Eu & Você na Toscana (por Peter P. Douglas)

Eu & Você na Toscana (You, Me & Tuscany, 2026), longa-metragem estadunidense de comédia romântica, distribuído pela Imagem Filmes, estreia, oficialmente, nos cinemas brasileiros, a partir de 11 de junho de 2026, com classificação indicativa 12 anos e 104 minutos de duração.

Hoje em dia, encontrar uma comédia romântica no cinema é quase como achar vaga no estacionamento do shopping no sábado: raríssimo. A maioria vai direto para o streaming, onde vive ao lado de reality shows e filmes de Natal produzidos em massa. Por isso, assistir “Eu & Você na Toscana” na telona foi quase terapêutico. É o tipo de filme que parece um prato de comida bem-feito — reconfortante, gostoso e com o tempero certo para não ficar sem graça.
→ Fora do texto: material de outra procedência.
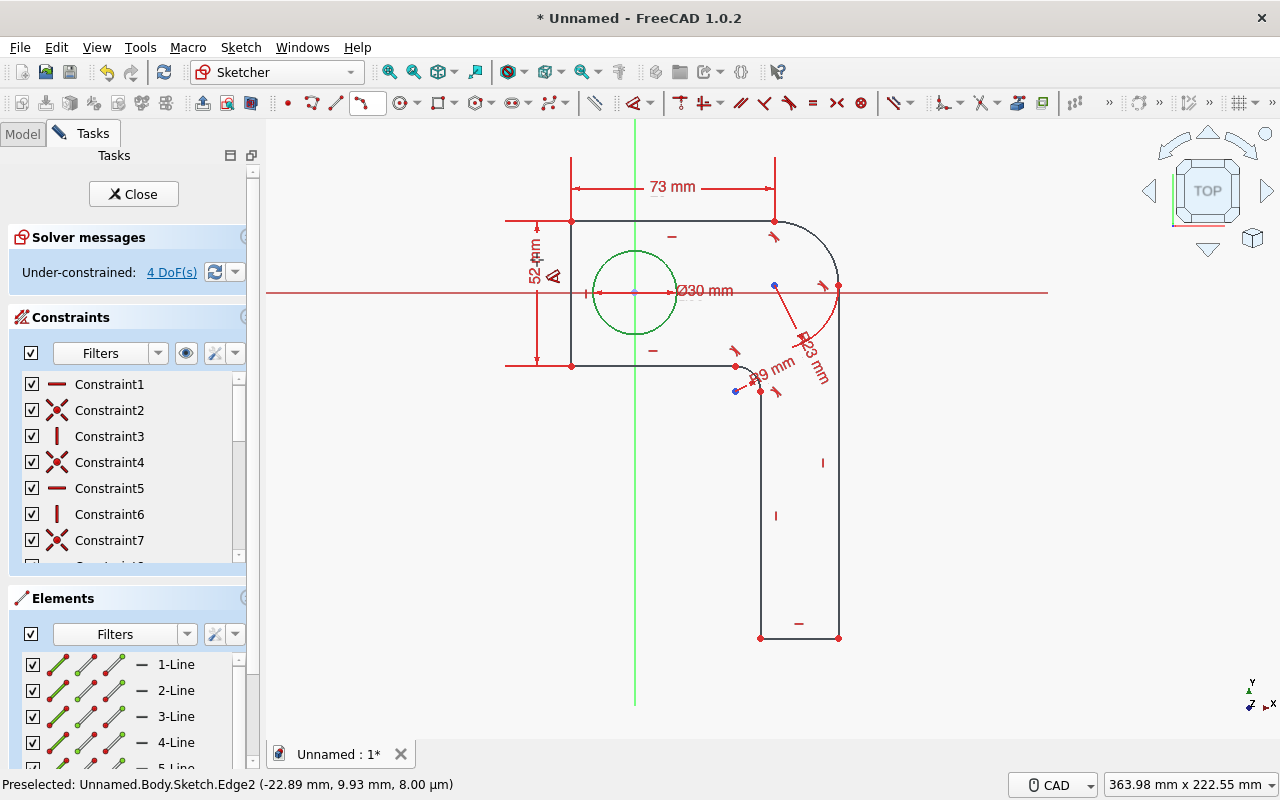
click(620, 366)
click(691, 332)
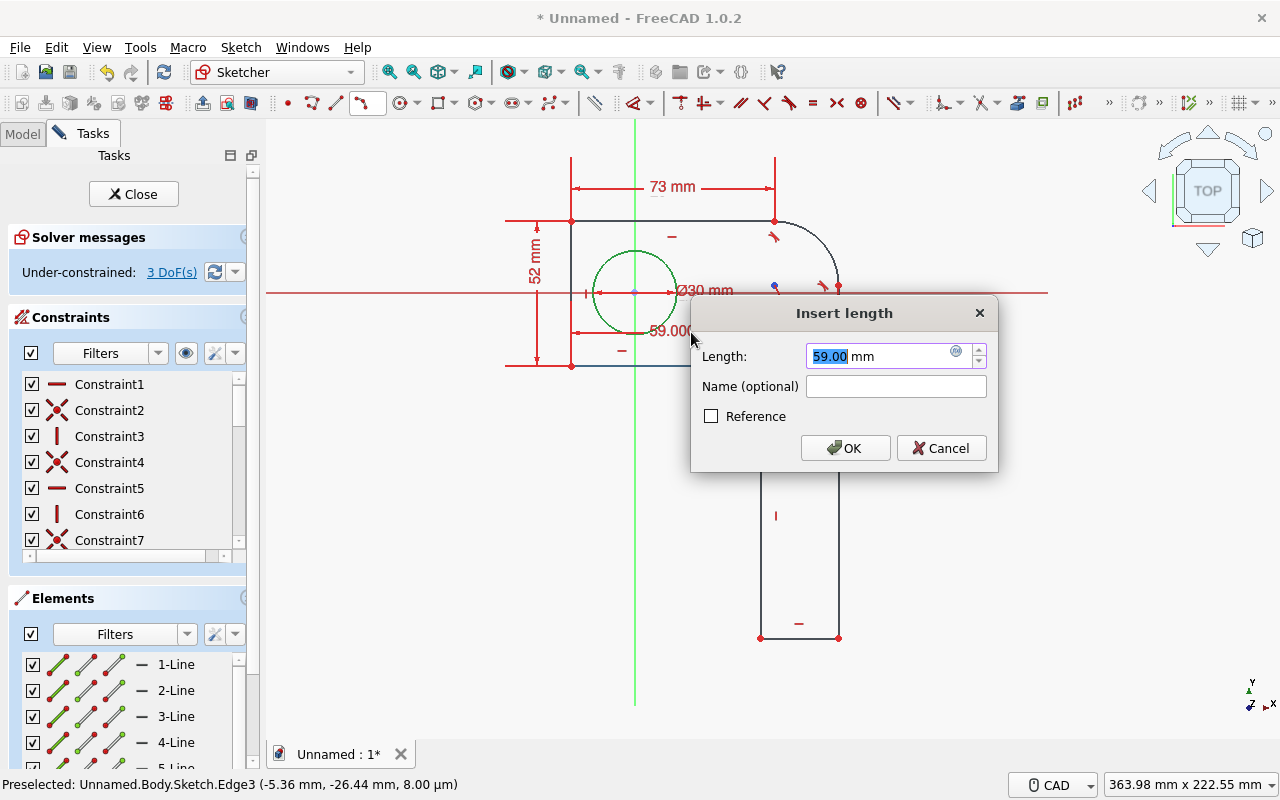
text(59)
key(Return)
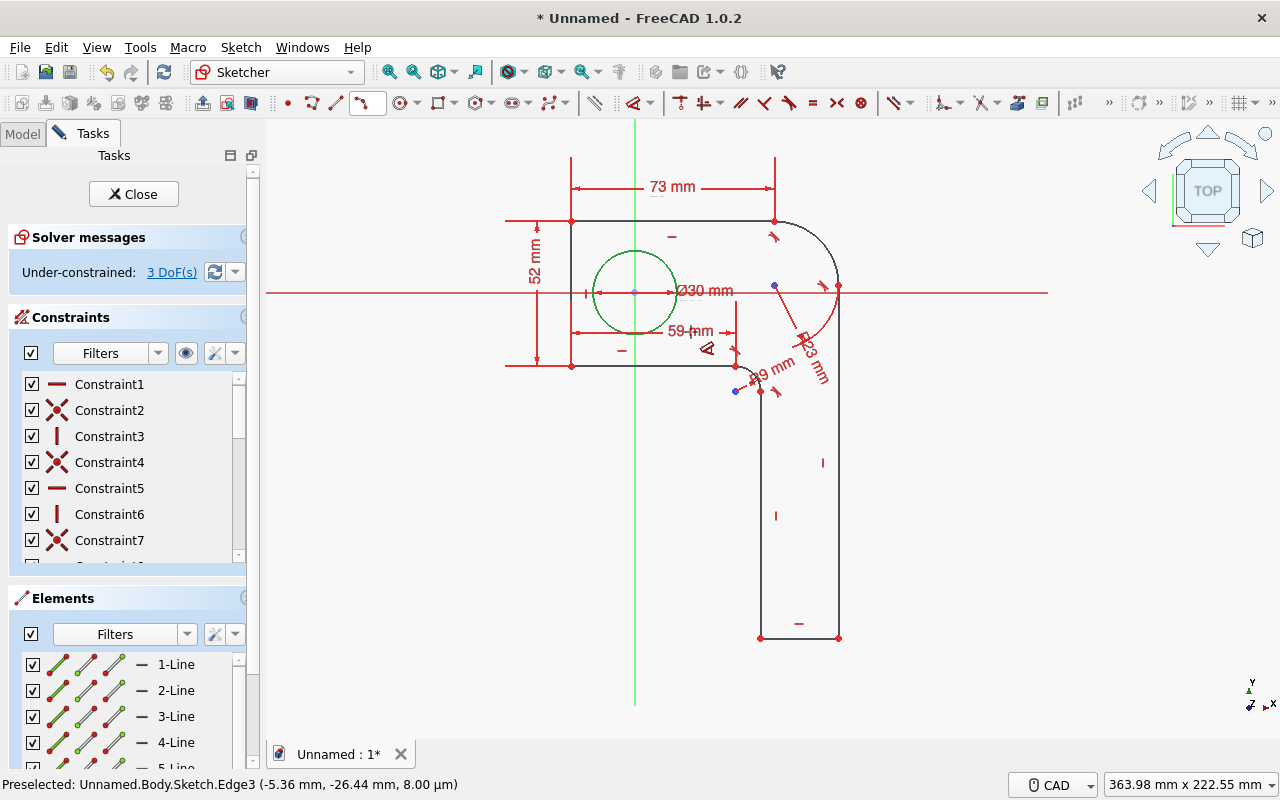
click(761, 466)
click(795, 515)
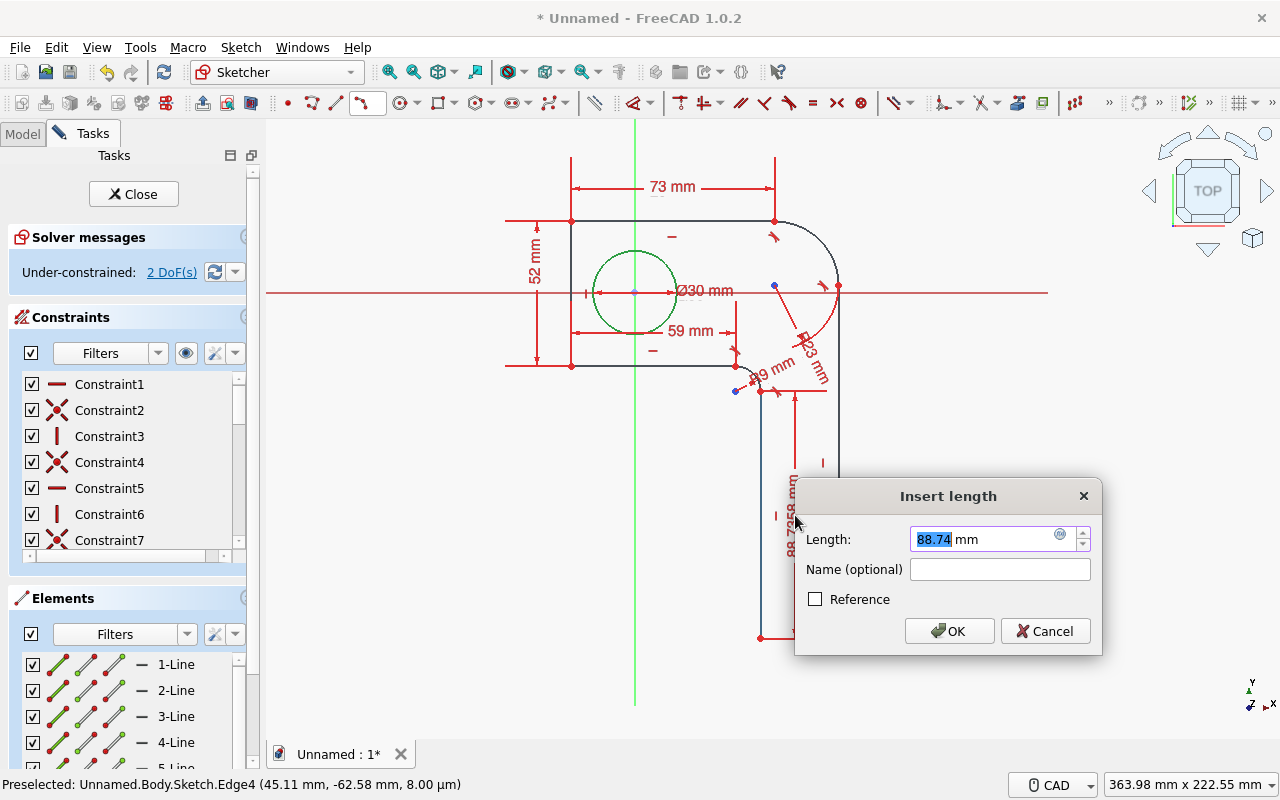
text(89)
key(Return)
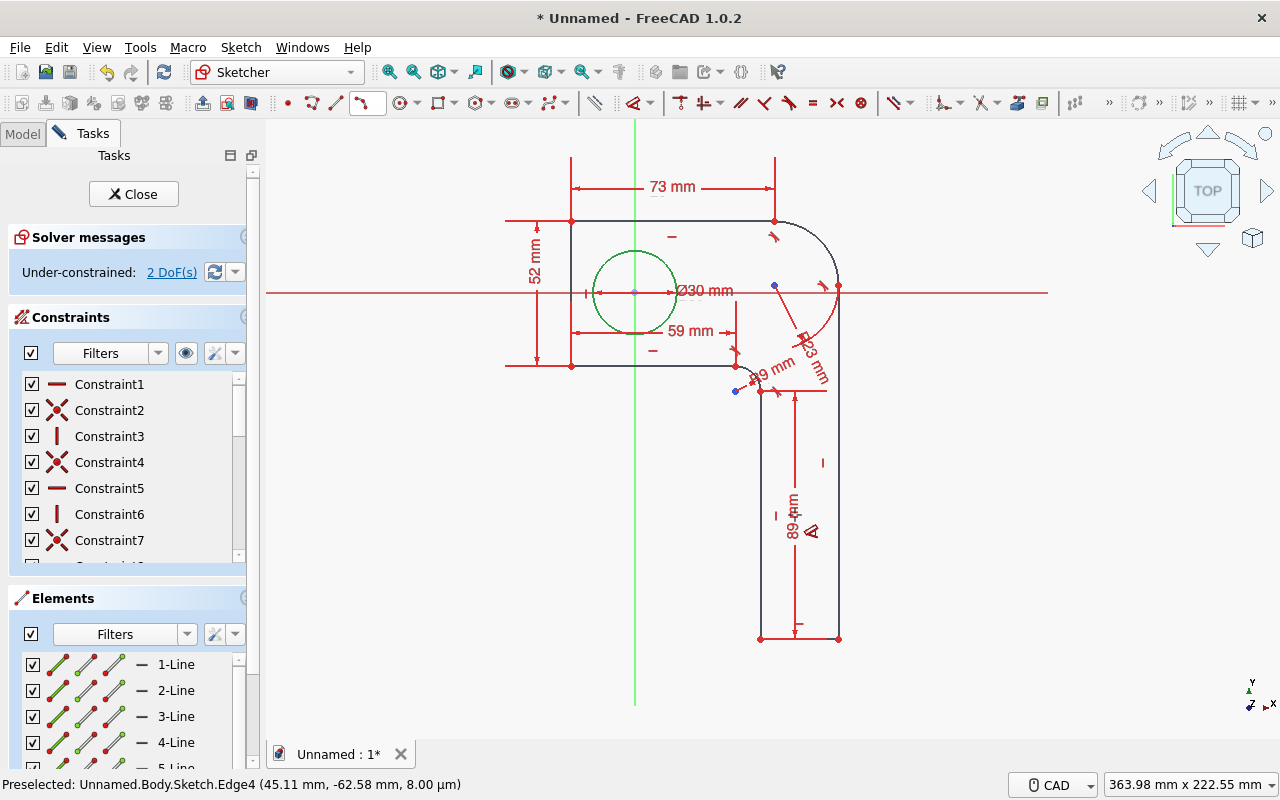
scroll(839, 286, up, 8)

Anna (Halle Bailey) está perdida após a morte da mãe. Abandonou a escola de culinária, virou cuidadora de casas e, basicamente, vive a vida dos outros porque a dela está em modo “pausa”. Aí ela conhece Matteo (Lorenzo de Moor) num bar — porque romances cinematográficos sempre começam em bares — e ele menciona que tem uma vila vazia na Toscana. Anna, que não tem nada prendendo-a em Nova York além de contas para pagar, pega a passagem que a mãe deixou e voa para a Itália no impulso. Quem nunca quis fazer isso, né?

Chegando lá, Gabriella (Isabella Ferrari), mãe de Matteo e Nonna Alessia (Stefania Casini) a confundem com a noiva dele — porque nada diz “comédia romântica” como um mal-entendido gigantesco. Mas tudo muda quando Anna conhece Michael (Regé-Jean Page), o irmão vinicultor que parece ter saído diretamente de um comercial de perfume italiano. Aí sim ela encontra um motivo para ficar na Toscana que não envolve apenas massas e paisagens de cartão-postal.

O filme é encantador. Não tenta reinventar o gênero, não quer ser profundo, não quer ganhar Oscar — ele só quer ser doce, engraçado e romântico. E consegue. O roteiro prefere ser sincero do que esperto, e embora eu quisesse um pouco mais de impulsividade, ainda assim é uma história acolhedora.

O elenco ajuda muito. A família de Matteo é maravilhosa, o motorista de táxi (Marco Calvani) é hilário, a melhor amiga americana (Aziza Scott) um show à parte. A presença de alguns visitantes em um tour ao vinhedo também fazem toda a diferença. Todo mundo contribui para criar aquele universo onde o romance floresce como uva em vinhedo italiano.

A química entre Bailey e Page não é explosiva, mas funciona. Não é “meu Deus, eles vão incendiar a tela”, mas é “ok, eu acredito nisso”. Bailey está linda, mas talvez não seja a escolha perfeita para o papel — ainda assim, sua inocência dá um charme inesperado à personagem.

E claro: a Itália. Nenhum país faz propaganda de si mesmo tão bem quanto a Itália em comédias românticas. Cada cena parece um convite para largar tudo e ir morar numa vila com paredes de pedra e cheiro de pão fresco. Até o sanduíche mais simples parece gourmet. E ainda tem referência a “Sob o Sol da Toscana” (2003), porque tradição é tradição.

Apesar de ser um romance, o filme também fala sobre família, luto e encontrar seu lugar no mundo. Se você já se sentiu perdido, vai entender Anna rapidinho. Talvez você não possa fugir para a Itália — infelizmente — mas pode se refugiar no cinema por algumas horas e aproveitar esse romance quentinho como um abraço de Nonna.